# I made the cover !



## ccheese (Jan 27, 2014)

Hey guys.... Guillow's Model Airplanes sent me a new catalog, today. My model of the L-4 "Birddog" is on the cover ! Lower left...

Charles

Reactions: Like Like:
7 | Like List reactions


----------



## fubar57 (Jan 27, 2014)

Congratulations Charles, rightfully deserved.

Geo


----------



## Bucksnort101 (Jan 27, 2014)

Nice!!!


----------



## Catch22 (Jan 27, 2014)

Congrats Charles!


----------



## woody (Jan 27, 2014)

Great job Charles.


----------



## vikingBerserker (Jan 27, 2014)

Way cool Charles!!!!


----------



## Njaco (Jan 27, 2014)

How frickin' cool is that!!!! Congrats!!!!


----------



## Capt. Vick (Jan 27, 2014)

Sweet!!! Congratulations Charles!!!!!!! Great news!!!! Frame that sucker!


----------



## Lucky13 (Jan 27, 2014)

Bl**dy well done and well deserved Mr. C!


----------



## wheelsup_cavu (Jan 27, 2014)

Very cool Charles. 


Wheels


----------



## N4521U (Jan 27, 2014)

Well......................... aren't you the one!
Good-on-yah!


----------



## Aaron Brooks Wolters (Jan 27, 2014)

Way to go Charles!


----------



## GrauGeist (Jan 27, 2014)

Congrats, Charles!!


----------



## Crimea_River (Jan 27, 2014)

Happy for you Charles!

When did you sign over the rights or are you getting a cut of the sales?


----------



## Wildcat (Jan 28, 2014)

Awesome Charles!
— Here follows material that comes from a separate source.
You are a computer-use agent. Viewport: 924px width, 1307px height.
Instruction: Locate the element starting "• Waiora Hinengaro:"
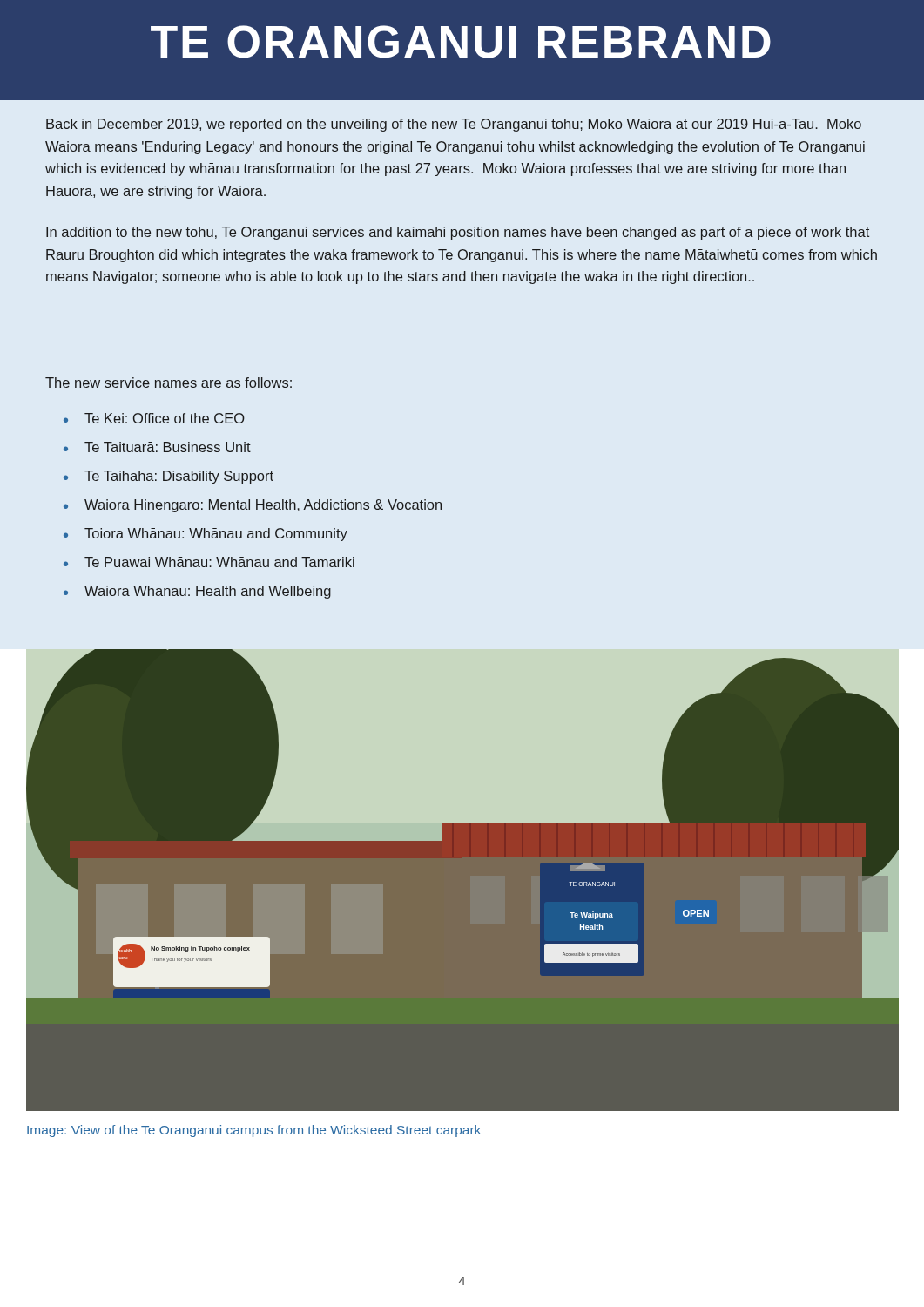[x=253, y=506]

Well done mate


----------



## herman1rg (Jan 28, 2014)

Gee Whizzz Mister can I have your autograph?


----------



## Wurger (Jan 28, 2014)

Wonderfully !!! Congratulations Charles, well deserved !!!


----------



## Shinpachi (Jan 28, 2014)

Congrats, Charles!


----------



## ccheese (Jan 28, 2014)

Crimea_River said:


> Happy for you Charles!
> 
> When did you sign over the rights or are you getting a cut of the sales?





Whenever you submit a photo to Guillow's to automatically give them permission to use the photo as they see fit.

Charles


----------



## otftch (Jan 28, 2014)

Great ! Congrats.
Ed


----------



## Torch (Jan 28, 2014)

Very nice,congrats


----------



## Thorlifter (Jan 28, 2014)

That's awesome, Charles. Congratulations!


----------



## T Bolt (Jan 28, 2014)

That is so cool Charles!!! Congratulations!


----------



## Airframes (Jan 28, 2014)

Excellent Charles, congratulations !


----------



## Vic Balshaw (Jan 28, 2014)

G'don'ya Charles.


----------



## buffnut453 (Jan 28, 2014)

Bravo Charles!!

Of course making the cover is pretty fantastic but you know you've really "made it" when you're the centrefold (and if that comment prompts forum members to suffer mental images that should but can't be erased...well, get over it!).


----------



## Wayne Little (Jan 29, 2014)

Well Done Charles, congratulations mate!


----------



## destrozas (Feb 4, 2014)

congrats my friend


----------



## Gnomey (Feb 5, 2014)

Congrats Charles!


----------